Modern Continental, which started some 30 years ago with a wheelbarrow and a single sidewalk contract in Peabody, became one of the biggest symbols of the problems that plagued the $15 billion project.
The company earned $3.2 billion for work on the Big Dig, but in recent years was considered a virtual shell corporation, teetering on the edge of bankruptcy. After Del Valle's death, federal and state prosecutors, as well as plaintiffs' lawyers, scrutinized what role it played in the collapse. Del Valle, a 38-year-old Jamaica Plain mother, was crushed when tons of concrete tumbled down on the car driven by her husband on July 10, 2006.
The charges filed by federal prosecutors last June alleged that Modern Continental knew that the anchor bolts-and-epoxy system used to hold up the ceiling was faulty but did not correct it. But Connolly said yesterday that the allegation was false and that the company told prosecutors that "under no circumstances would Modern Continental plead guilty to the ceiling collapse counts."
Last November, Modern Continental agreed to pay $21 million for damages stemming from the fatal collapse, as part of an effort by state and federal authorities to recover cost overruns and settle civil suits resulting from Del Valle's death. In March, Coakley announced that she and federal prosecutors had recovered more than $610 million.
Because of Modern Continental's dire financial straits, the $21 million was expected to be deducted from what the state had withheld from Modern Continental on Big Dig contracts.

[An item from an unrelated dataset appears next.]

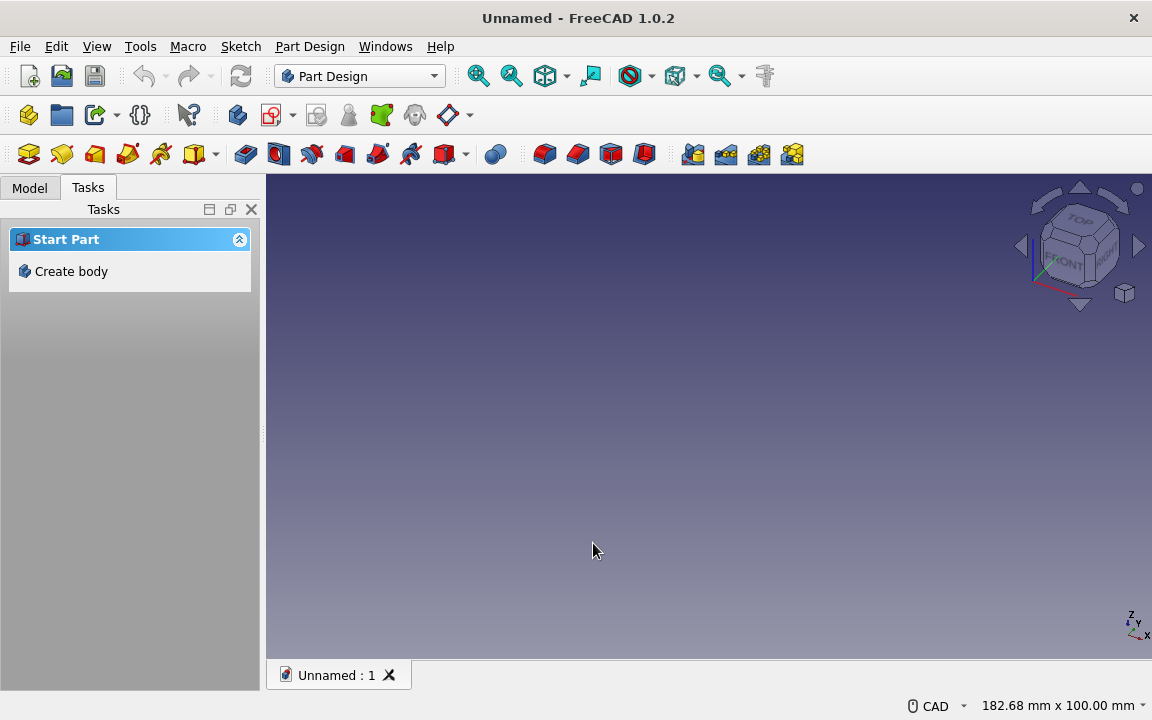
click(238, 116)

Last September, Del Valle's family reached settlements with the last of the defendants in the family's wrongful death lawsuit in Suffolk Superior Court. The family will collect more than $28 million from Modern Continental, Bechtel/Parsons Brinckerhoff (the consortium that oversaw Big Dig design and construction), six smaller companies, and the Turnpike Authority, according to the family's lawyers.
Jeffrey A. Denner, one of the Del Valle family's lawyers, said yesterday that federal and state prosecutors have done an excellent job of holding companies accountable in Del Valle's death.
"If the US government is satisfied that the case against Modern Continental in relation to Milena Del Valle's death couldn't be proved, we're satisfied," he said.